### Work item:
Look for the line containing "Return one line" in the records below. Then output it and all the lines that follow, exactly and without any others.

### Information supplied:

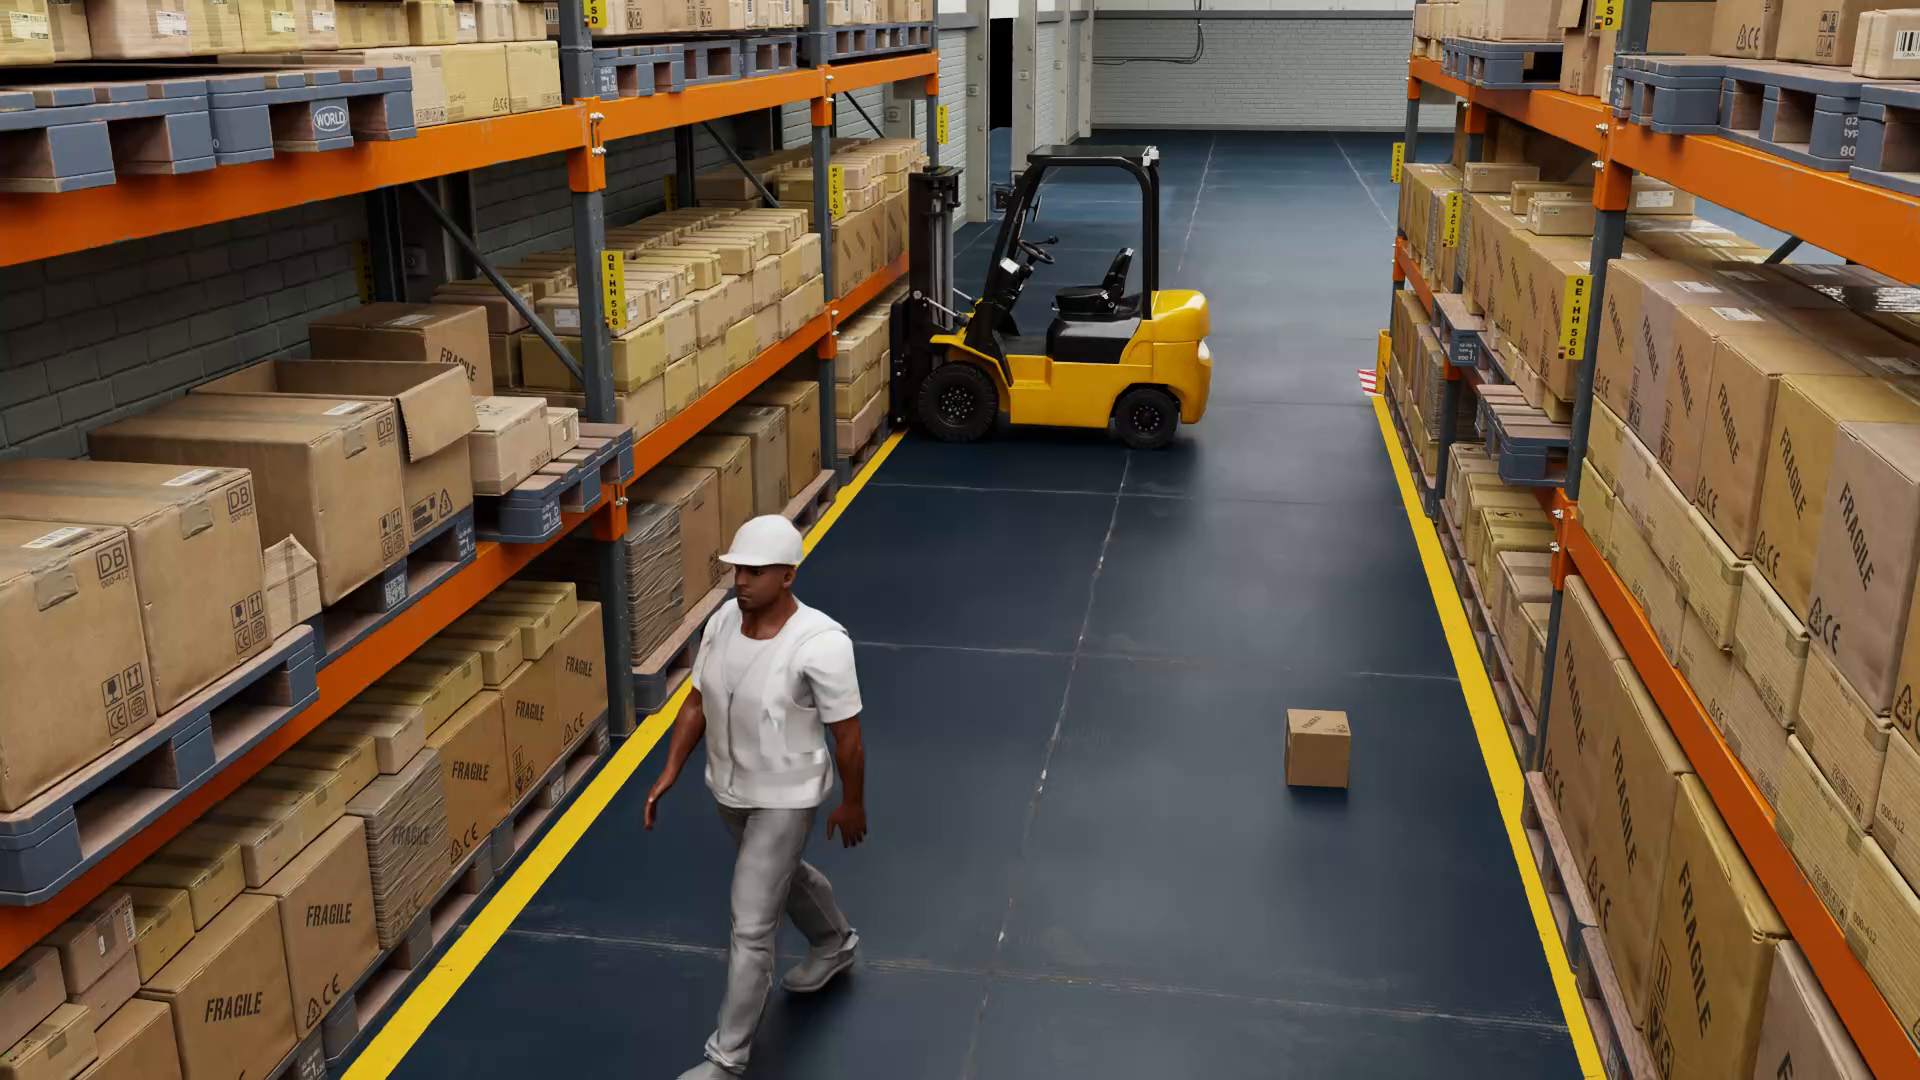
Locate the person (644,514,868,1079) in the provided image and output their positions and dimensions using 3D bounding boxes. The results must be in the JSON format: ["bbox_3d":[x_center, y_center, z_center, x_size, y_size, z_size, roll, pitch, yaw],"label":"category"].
[{"bbox_3d":[-0.653,0.779,5.097,0.587,1.718,1.008,15,23,39],"label":"person"}]
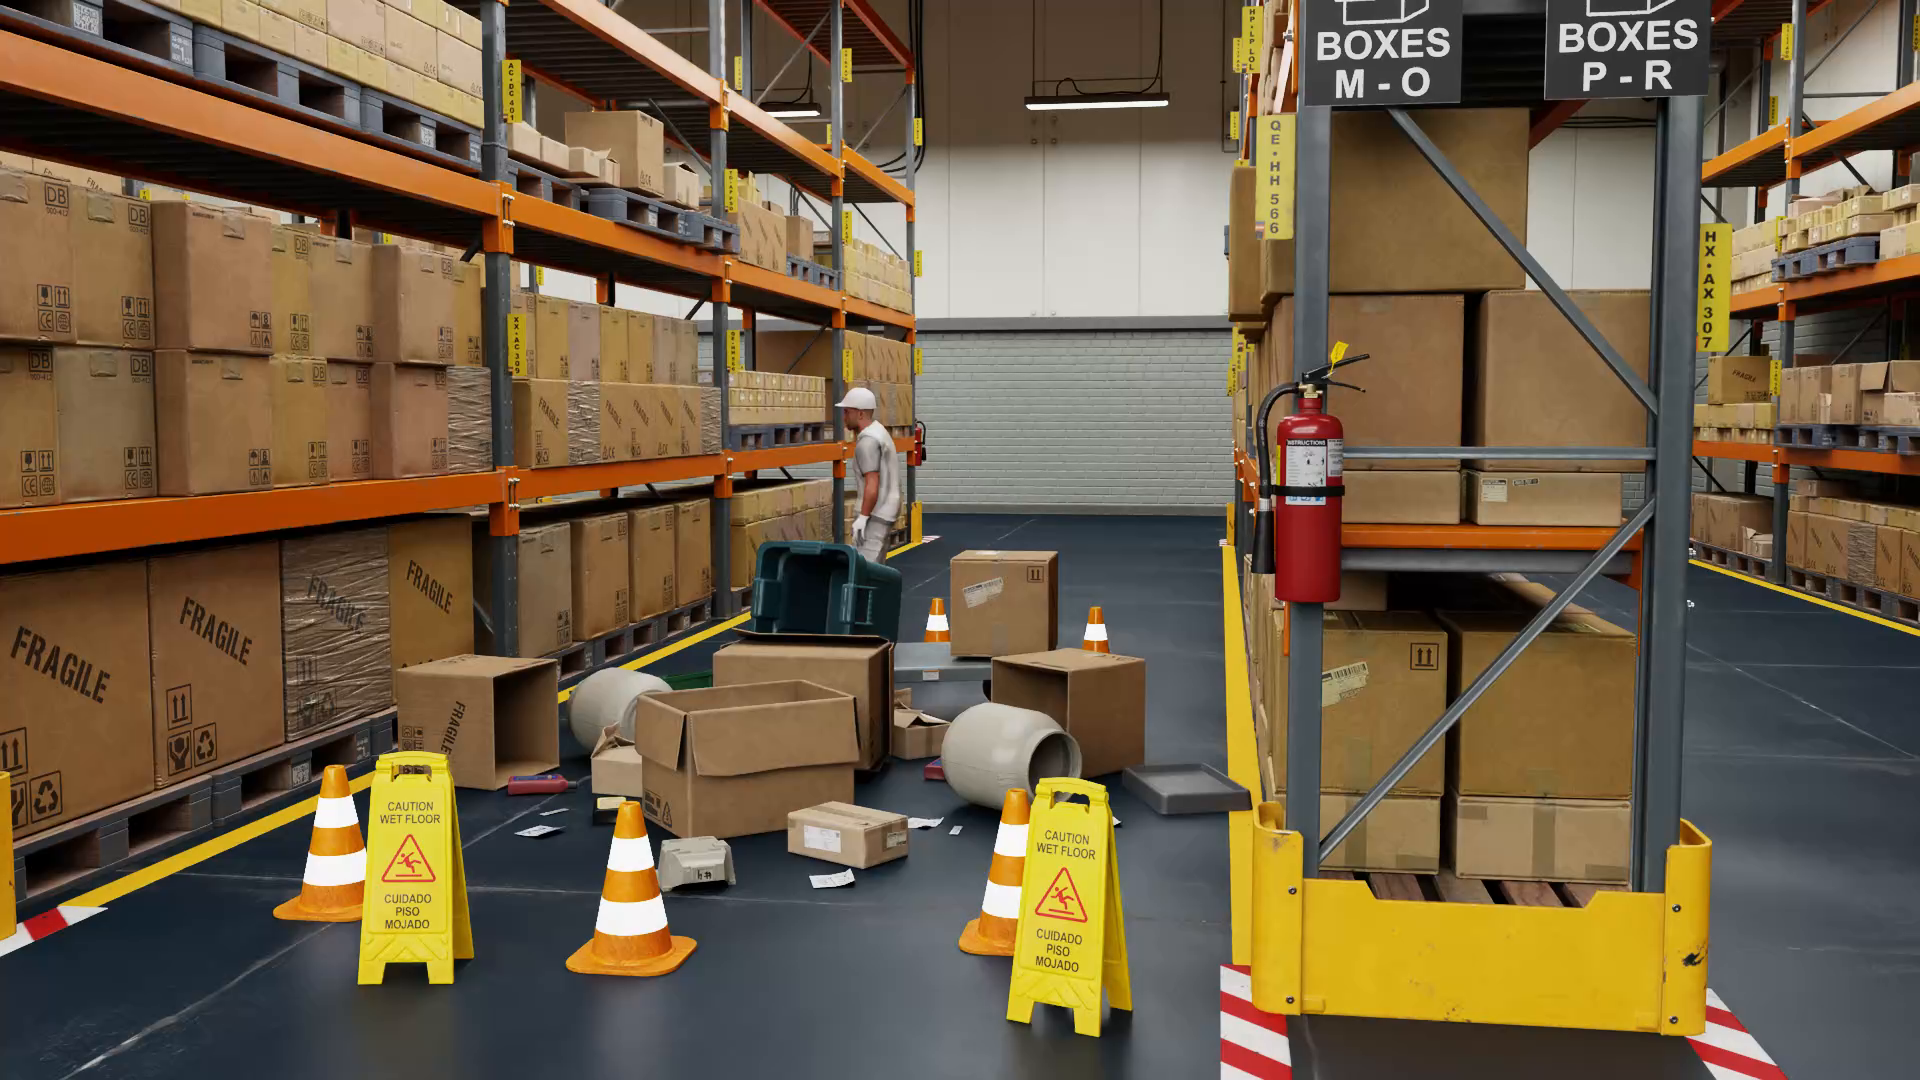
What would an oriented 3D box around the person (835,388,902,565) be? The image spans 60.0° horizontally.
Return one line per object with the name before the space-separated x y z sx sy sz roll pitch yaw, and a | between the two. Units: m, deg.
person | -0.616 -0.136 11.238 0.446 1.780 0.620 0 4 5

### Response to this task:
Return one line per object with the name before the space-separated x y z sx sy sz roll pitch yaw, and a | between the two. Units: m, deg.
person | -0.616 -0.136 11.238 0.446 1.780 0.620 0 4 5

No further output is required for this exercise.